Dad is pinned against the wall while outside, there is Meg, in perfect health and caressing a pendant with the Zoroastrian symbol on it. The Daeva is slowly mutilating John and the screaming is kinda horrible as everyone gets beaten and scratched all to hell. Then Sam remembers something — Daevas are shadow demons. He grabs a flare and lights up the room, giving them just enough time to get the hell out. They prepare to leave town together, when Dean stop them — they can’t be together. From the expression on his face, it’s taking all he’s got left to say that, because we all know it’s the last thing he wants. But this is Dean. Dean the responsible one. Dean the adult for far too long. Dean the soldier. Dean, who always, always knows the gut-wrenching truth. Sam doesn’t want to hear it, but Dean is resolute: “Don’t you understand? They’re not gonna stop. They’re gonna try again. They’re gonna use us to get to him. I mean, Meg was right. Dad’s vulnerable when he’s with us. He—he’s stronger without us around.”
It’s killing him to say it. It’s kinda killing us — and Sam — to hear it. But that doesn’t make any of it less accurate.
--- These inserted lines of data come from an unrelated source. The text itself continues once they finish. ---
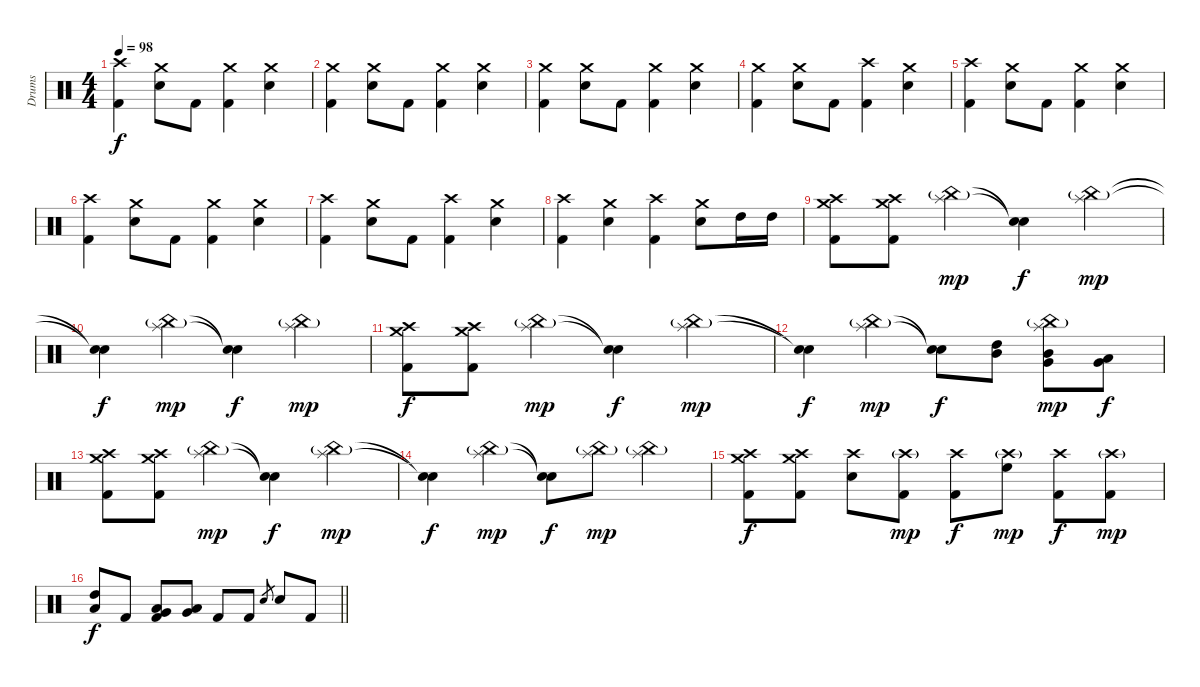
\track ("Drums" "Drums") {instrument percussion}
\staff {score}
\articulation defaults
\ts (4 4)
\tempo 98
\clef neutral
\ks c
("Crash high (hit)" "Kick (hit) 2").4{dy f} ("Crash medium (hit)" "Electric Snare (hit)").8 "Kick (hit) 2".8 ("Crash medium (hit)" "Kick (hit) 2").4 ("Crash medium (hit)" "Electric Snare (hit)").4 |
("Crash medium (hit)" "Kick (hit) 2").4 ("Crash medium (hit)" "Electric Snare (hit)").8 "Kick (hit) 2".8 ("Crash medium (hit)" "Kick (hit) 2").4 ("Crash medium (hit)" "Electric Snare (hit)").4 |
("Crash medium (hit)" "Kick (hit) 2").4 ("Crash medium (hit)" "Electric Snare (hit)").8 "Kick (hit) 2".8 ("Crash medium (hit)" "Kick (hit) 2").4 ("Crash medium (hit)" "Electric Snare (hit)").4 |
("Crash medium (hit)" "Kick (hit) 2").4 ("Crash medium (hit)" "Electric Snare (hit)").8 "Kick (hit) 2".8 ("Crash high (hit)" "Kick (hit) 2").4 ("Crash medium (hit)" "Electric Snare (hit)").4 |
("Crash high (hit)" "Kick (hit) 2").4 ("Crash medium (hit)" "Electric Snare (hit)").8 "Kick (hit) 2".8 ("Crash medium (hit)" "Kick (hit) 2").4 ("Crash medium (hit)" "Electric Snare (hit)").4 |
("Crash high (hit)" "Kick (hit) 2").4 ("Crash medium (hit)" "Electric Snare (hit)").8 "Kick (hit) 2".8 ("Crash medium (hit)" "Kick (hit) 2").4 ("Crash medium (hit)" "Electric Snare (hit)").4 |
("Crash high (hit)" "Kick (hit) 2").4 ("Crash medium (hit)" "Electric Snare (hit)").8 "Kick (hit) 2".8 ("Crash high (hit)" "Kick (hit) 2").4 ("Crash medium (hit)" "Electric Snare (hit)").4 |
("Crash high (hit)" "Kick (hit) 2").4 ("Crash medium (hit)" "Electric Snare (hit)").4 ("Crash high (hit)" "Kick (hit) 2").4 ("Crash medium (hit)" "Electric Snare (hit)").8 "High Tom (hit)".16 "High Tom (hit)".16 |
("Crash high (hit)" "Crash medium (hit)" "Kick (hit) 2").8 ("Crash high (hit)" "Crash medium (hit)" "Kick (hit) 2").8 ("China (hit)"{g} "Splash (hit)").4{dy mp} ("Snare (hit)"{t} "Snare (hit)"{t}).4{dy f} ("China (hit)"{g} "Splash (hit)").4{dy mp} |
("Snare (hit)"{t} "Snare (hit)"{t}).4{dy f} ("China (hit)"{g} "Splash (hit)").4{dy mp} ("Snare (hit)"{t} "Snare (hit)"{t}).4{dy f} ("China (hit)"{g} "Splash (hit)").4{dy mp} |
("Crash high (hit)" "Crash medium (hit)" "Kick (hit) 2").8{dy f} ("Crash high (hit)" "Crash medium (hit)" "Kick (hit) 2").8 ("China (hit)"{g} "Splash (hit)").4{dy mp} ("Snare (hit)"{t} "Snare (hit)"{t}).4{dy f} ("China (hit)"{g} "Splash (hit)").4{dy mp} |
("Snare (hit)"{t} "Snare (hit)"{t}).4{dy f} ("China (hit)"{g} "Splash (hit)").4{dy mp} ("Snare (hit)"{t} "Snare (hit)"{t}).8{dy f} ("High Tom (hit)" "Mid Tom (hit)").8 ("China (hit)"{g} "Splash (hit)" "Mid Tom (hit)" "Very Low Tom (hit)").8{dy mp} ("Low Tom (hit)" "Very Low Tom (hit)").8{dy f} |
("Crash high (hit)" "Crash medium (hit)" "Kick (hit) 2").8 ("Crash high (hit)" "Crash medium (hit)" "Kick (hit) 2").8 ("China (hit)"{g} "Splash (hit)").4{dy mp} ("Snare (hit)"{t} "Snare (hit)"{t}).4{dy f} ("China (hit)"{g} "Splash (hit)").4{dy mp} |
("Snare (hit)"{t} "Snare (hit)"{t}).4{dy f} ("China (hit)"{g} "Splash (hit)").4{dy mp} ("Snare (hit)"{t} "Snare (hit)"{t}).8{dy f} ("China (hit)"{g} "Splash (hit)").8{dy mp} ("China (hit)"{g} "Splash (hit)").4 |
("Crash high (hit)" "Crash medium (hit)" "Kick (hit) 2").8{dy f} ("Crash high (hit)" "Crash medium (hit)" "Kick (hit) 2").8 ("Crash high (hit)" "Electric Snare (hit)").8 ("Crash high (hit)"{g} "Kick (hit) 2").8{dy mp} ("Crash high (hit)" "Kick (hit) 2").8{dy f} ("Crash high (hit)"{g} "High Floor Tom (hit)").8{dy mp} ("Crash high (hit)" "Kick (hit) 2").8{dy f} ("Crash high (hit)"{g} "Kick (hit) 2").8{dy mp} |
\barLineRight lightlight
("High Tom (hit)" "Low Tom (hit)").8{dy f} "Kick (hit) 2".8 ("Very Low Tom (hit)" "Low Floor Tom (hit)" "Kick (hit) 2").8 ("Low Tom (hit)" "Very Low Tom (hit)").8 "Kick (hit) 2".8 "Kick (hit) 2".8 "Electric Snare (hit)".8{gr} "Electric Snare (hit)".8 "Kick (hit) 2".8
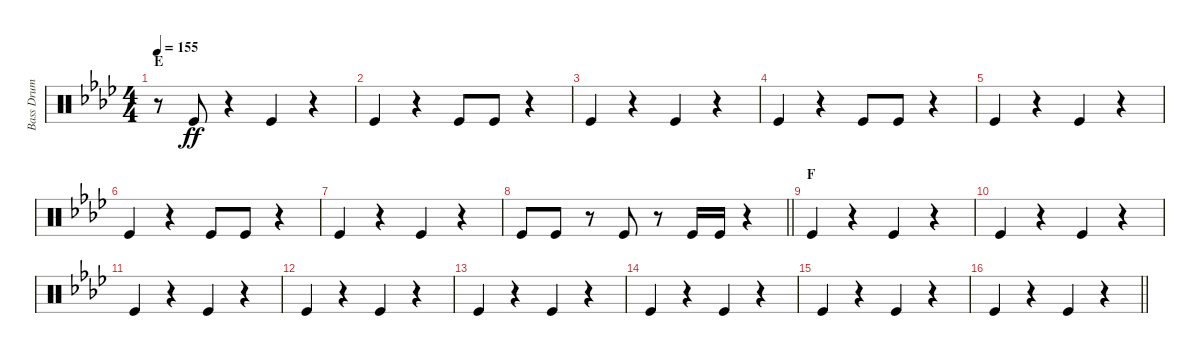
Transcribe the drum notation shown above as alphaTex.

\track ("Bass Drum" "Bass Drum") {instrument percussion}
\staff {score}
\articulation defaults
\ts (4 4)
\section ("" "E")
\tempo 155
\clef neutral
\ks ab
r.8{dy ff} "Kick (hit)".8 r.4 "Kick (hit)".4 r.4 |
"Kick (hit)".4 r.4 "Kick (hit)".8 "Kick (hit)".8 r.4 |
"Kick (hit)".4 r.4 "Kick (hit)".4 r.4 |
"Kick (hit)".4 r.4 "Kick (hit)".8 "Kick (hit)".8 r.4 |
"Kick (hit)".4 r.4 "Kick (hit)".4 r.4 |
"Kick (hit)".4 r.4 "Kick (hit)".8 "Kick (hit)".8 r.4 |
"Kick (hit)".4 r.4 "Kick (hit)".4 r.4 |
\barLineRight lightlight "Kick (hit)".8 "Kick (hit)".8
r.8 "Kick (hit)".8 r.8 "Kick (hit)".16 "Kick (hit)".16 r.4 |
\section ("" "F")
"Kick (hit)".4 r.4 "Kick (hit)".4 r.4 |
"Kick (hit)".4 r.4 "Kick (hit)".4 r.4 |
"Kick (hit)".4 r.4 "Kick (hit)".4 r.4 |
"Kick (hit)".4 r.4 "Kick (hit)".4 r.4 |
"Kick (hit)".4 r.4 "Kick (hit)".4 r.4 |
"Kick (hit)".4 r.4 "Kick (hit)".4 r.4 |
"Kick (hit)".4 r.4 "Kick (hit)".4 r.4 |
\barLineRight lightlight "Kick (hit)".4
r.4 "Kick (hit)".4 r.4
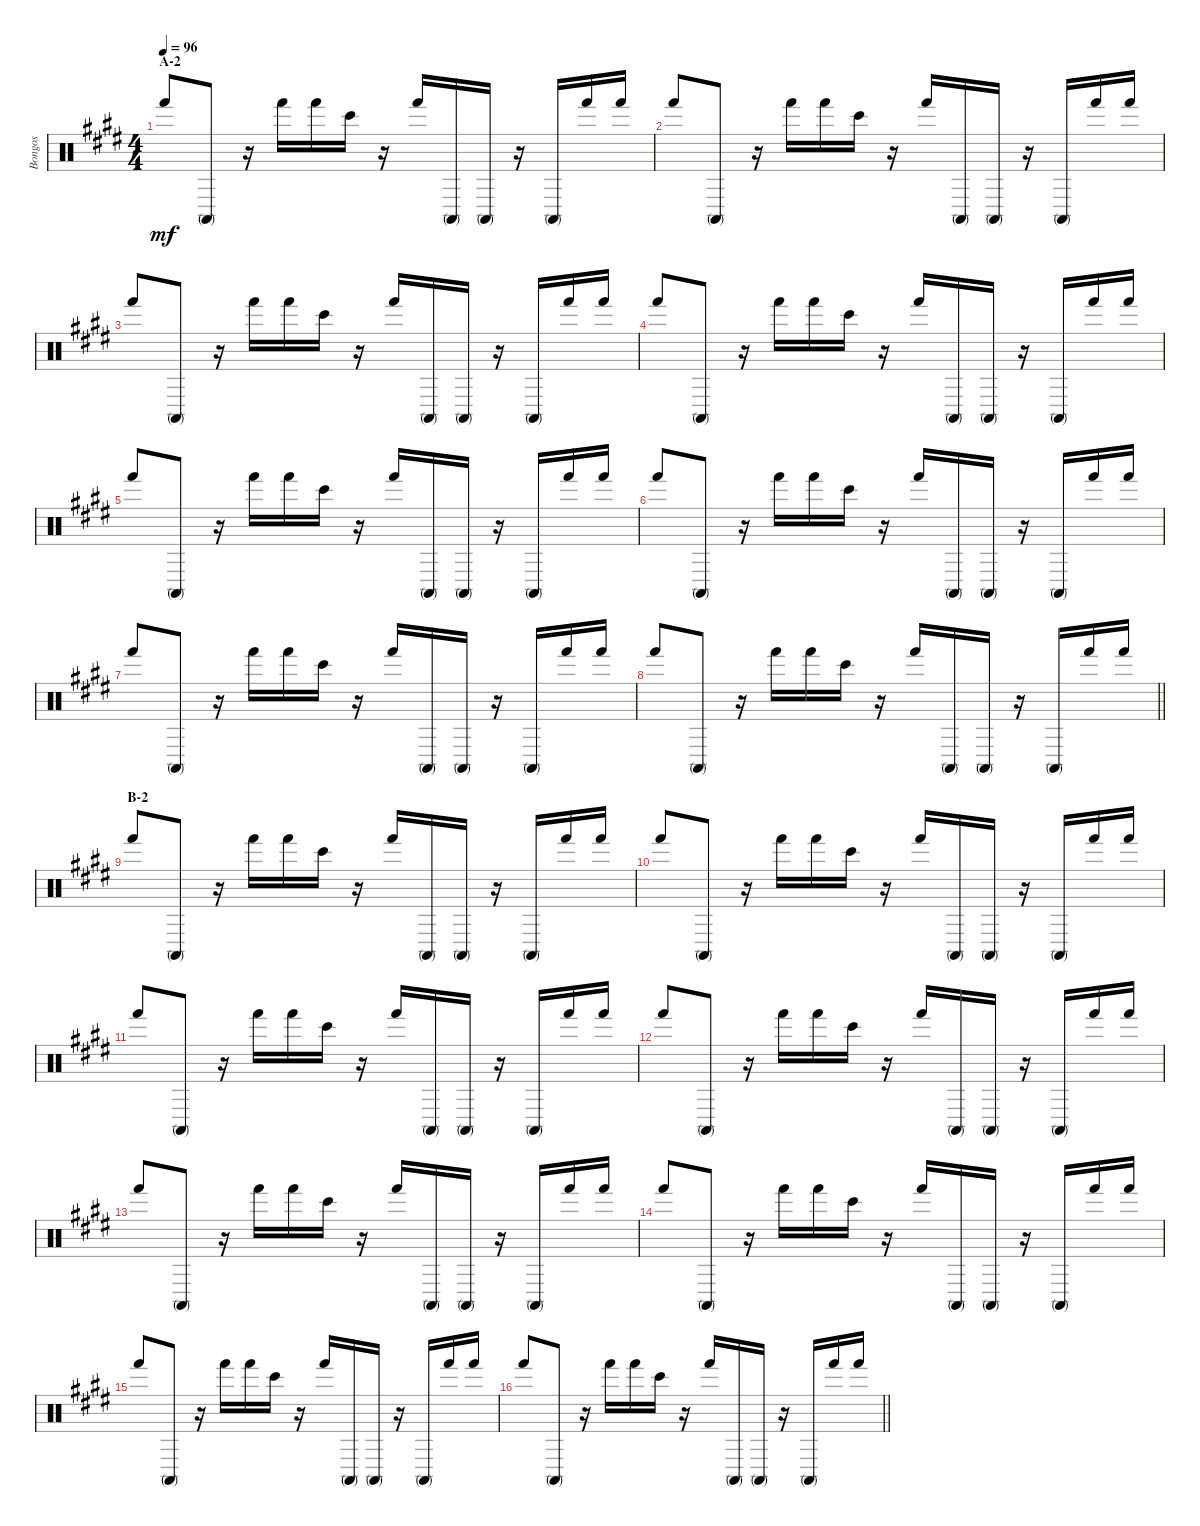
\track ("Bongos" "Bongos") {instrument percussion}
\staff {score}
\articulation defaults
\ts (4 4)
\section ("" "A-2")
\tempo 96
\clef neutral
\ks e "Hand (hit)".8{dy mf} "Conga high (mute)".8
r.16 "Hand (hit)".16 "Hand (hit)".16 "Bongo High (hit)".16 r.16 "Hand (hit)".16 "Conga high (mute)".16 "Conga high (mute)".16 r.16 "Conga high (mute)".16 "Hand (hit)".16 "Hand (hit)".16 |
"Hand (hit)".8 "Conga high (mute)".8 r.16 "Hand (hit)".16 "Hand (hit)".16 "Bongo High (hit)".16 r.16 "Hand (hit)".16 "Conga high (mute)".16 "Conga high (mute)".16 r.16 "Conga high (mute)".16 "Hand (hit)".16 "Hand (hit)".16 |
"Hand (hit)".8 "Conga high (mute)".8 r.16 "Hand (hit)".16 "Hand (hit)".16 "Bongo High (hit)".16 r.16 "Hand (hit)".16 "Conga high (mute)".16 "Conga high (mute)".16 r.16 "Conga high (mute)".16 "Hand (hit)".16 "Hand (hit)".16 |
"Hand (hit)".8 "Conga high (mute)".8 r.16 "Hand (hit)".16 "Hand (hit)".16 "Bongo High (hit)".16 r.16 "Hand (hit)".16 "Conga high (mute)".16 "Conga high (mute)".16 r.16 "Conga high (mute)".16 "Hand (hit)".16 "Hand (hit)".16 |
"Hand (hit)".8 "Conga high (mute)".8 r.16 "Hand (hit)".16 "Hand (hit)".16 "Bongo High (hit)".16 r.16 "Hand (hit)".16 "Conga high (mute)".16 "Conga high (mute)".16 r.16 "Conga high (mute)".16 "Hand (hit)".16 "Hand (hit)".16 |
"Hand (hit)".8 "Conga high (mute)".8 r.16 "Hand (hit)".16 "Hand (hit)".16 "Bongo High (hit)".16 r.16 "Hand (hit)".16 "Conga high (mute)".16 "Conga high (mute)".16 r.16 "Conga high (mute)".16 "Hand (hit)".16 "Hand (hit)".16 |
"Hand (hit)".8 "Conga high (mute)".8 r.16 "Hand (hit)".16 "Hand (hit)".16 "Bongo High (hit)".16 r.16 "Hand (hit)".16 "Conga high (mute)".16 "Conga high (mute)".16 r.16 "Conga high (mute)".16 "Hand (hit)".16 "Hand (hit)".16 |
\barLineRight lightlight "Hand (hit)".8 "Conga high (mute)".8
r.16 "Hand (hit)".16 "Hand (hit)".16 "Bongo High (hit)".16 r.16 "Hand (hit)".16 "Conga high (mute)".16 "Conga high (mute)".16 r.16 "Conga high (mute)".16 "Hand (hit)".16 "Hand (hit)".16 |
\section ("" "B-2")
"Hand (hit)".8 "Conga high (mute)".8 r.16 "Hand (hit)".16 "Hand (hit)".16 "Bongo High (hit)".16 r.16 "Hand (hit)".16 "Conga high (mute)".16 "Conga high (mute)".16 r.16 "Conga high (mute)".16 "Hand (hit)".16 "Hand (hit)".16 |
"Hand (hit)".8 "Conga high (mute)".8 r.16 "Hand (hit)".16 "Hand (hit)".16 "Bongo High (hit)".16 r.16 "Hand (hit)".16 "Conga high (mute)".16 "Conga high (mute)".16 r.16 "Conga high (mute)".16 "Hand (hit)".16 "Hand (hit)".16 |
"Hand (hit)".8 "Conga high (mute)".8 r.16 "Hand (hit)".16 "Hand (hit)".16 "Bongo High (hit)".16 r.16 "Hand (hit)".16 "Conga high (mute)".16 "Conga high (mute)".16 r.16 "Conga high (mute)".16 "Hand (hit)".16 "Hand (hit)".16 |
"Hand (hit)".8 "Conga high (mute)".8 r.16 "Hand (hit)".16 "Hand (hit)".16 "Bongo High (hit)".16 r.16 "Hand (hit)".16 "Conga high (mute)".16 "Conga high (mute)".16 r.16 "Conga high (mute)".16 "Hand (hit)".16 "Hand (hit)".16 |
"Hand (hit)".8 "Conga high (mute)".8 r.16 "Hand (hit)".16 "Hand (hit)".16 "Bongo High (hit)".16 r.16 "Hand (hit)".16 "Conga high (mute)".16 "Conga high (mute)".16 r.16 "Conga high (mute)".16 "Hand (hit)".16 "Hand (hit)".16 |
"Hand (hit)".8 "Conga high (mute)".8 r.16 "Hand (hit)".16 "Hand (hit)".16 "Bongo High (hit)".16 r.16 "Hand (hit)".16 "Conga high (mute)".16 "Conga high (mute)".16 r.16 "Conga high (mute)".16 "Hand (hit)".16 "Hand (hit)".16 |
"Hand (hit)".8 "Conga high (mute)".8 r.16 "Hand (hit)".16 "Hand (hit)".16 "Bongo High (hit)".16 r.16 "Hand (hit)".16 "Conga high (mute)".16 "Conga high (mute)".16 r.16 "Conga high (mute)".16 "Hand (hit)".16 "Hand (hit)".16 |
\barLineRight lightlight "Hand (hit)".8 "Conga high (mute)".8
r.16 "Hand (hit)".16 "Hand (hit)".16 "Bongo High (hit)".16 r.16 "Hand (hit)".16 "Conga high (mute)".16 "Conga high (mute)".16 r.16 "Conga high (mute)".16 "Hand (hit)".16 "Hand (hit)".16
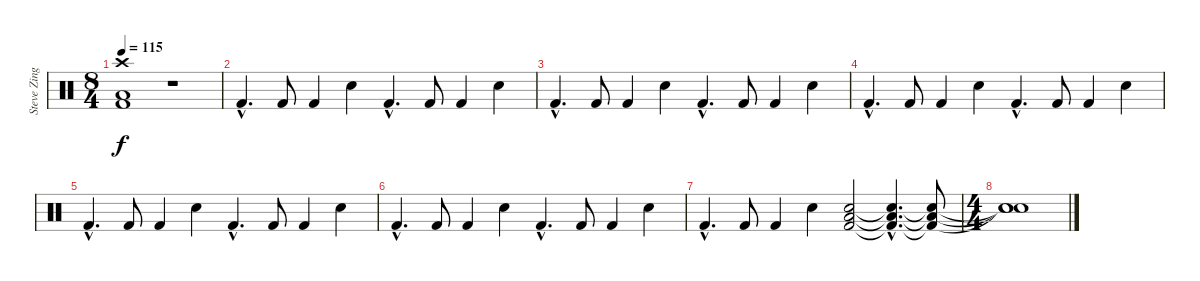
\track ("Steve Zing- Drums" "Steve Zing") {instrument percussion}
\staff {score}
\articulation defaults
\ts (8 4)
\tempo 115
\clef neutral
\ks c
("Crash high (hit)" "Kick (hit) 2" "Low Floor Tom (hit)").1{dy f} r.1 |
"Kick (hit) 2"{hac}.4{d} "Kick (hit) 2".8 "Kick (hit) 2".4 "Snare (hit) 2".4 "Kick (hit) 2"{hac}.4{d} "Kick (hit) 2".8 "Kick (hit) 2".4 "Snare (hit) 2".4 |
"Kick (hit) 2"{hac}.4{d} "Kick (hit) 2".8 "Kick (hit) 2".4 "Snare (hit) 2".4 "Kick (hit) 2"{hac}.4{d} "Kick (hit) 2".8 "Kick (hit) 2".4 "Snare (hit) 2".4 |
"Kick (hit) 2"{hac}.4{d} "Kick (hit) 2".8 "Kick (hit) 2".4 "Snare (hit) 2".4 "Kick (hit) 2"{hac}.4{d} "Kick (hit) 2".8 "Kick (hit) 2".4 "Snare (hit) 2".4 |
"Kick (hit) 2"{hac}.4{d} "Kick (hit) 2".8 "Kick (hit) 2".4 "Snare (hit) 2".4 "Kick (hit) 2"{hac}.4{d} "Kick (hit) 2".8 "Kick (hit) 2".4 "Snare (hit) 2".4 |
"Kick (hit) 2"{hac}.4{d} "Kick (hit) 2".8 "Kick (hit) 2".4 "Snare (hit) 2".4 "Kick (hit) 2"{hac}.4{d} "Kick (hit) 2".8 "Kick (hit) 2".4 "Snare (hit) 2".4 |
"Kick (hit) 2"{hac}.4{d} "Kick (hit) 2".8 "Kick (hit) 2".4 "Snare (hit) 2".4 ("Low Floor Tom (hit)" "Snare (hit) 2" "Kick (hit) 2").2 ("Low Floor Tom (hit)"{hac t} "Snare (hit) 2"{hac t} "Kick (hit) 2"{hac t}).4{d} ("Low Floor Tom (hit)"{t} "Snare (hit) 2"{t} "Kick (hit) 2"{t}).8 |
\ts (4 4)
("Snare (hit)"{t} "Snare (hit)"{t} "Snare (hit)"{t}).1

In this world, the world they can’t get out of, love is a disadvantage. And in the wrong hands, it’s a weapon. But Dad knows. And he uses the same words that Sam used earlier when talking to Dean:
The family separates. Again.
And Meg, who just emerged from the shadows, watches them go.
Sarah’s Final Thoughts: This was a decent episode. I’m not feeling as invested as I was before, I think because the cannibal thing really, really pissed me off. But this was pretty good. It was nice to have a mythos episode to break up the monster of the week-ness.
Dawn’s Final Thoughts: I still haven’t forgiven John. It’s possible I never will. Also I’d really like to take Meg out behind the woodshed and douse her in Holy Water for like three days. Bitch.
NEXT WEEK: Get ready for two of the most-loved occasional characters ever — no, not those two, not yet. Next week, it’s GHOST FACERS!
i loved this review…btw were is the mindy project review
It’s on its way! Sage is combining her thoughts on the last two episodes!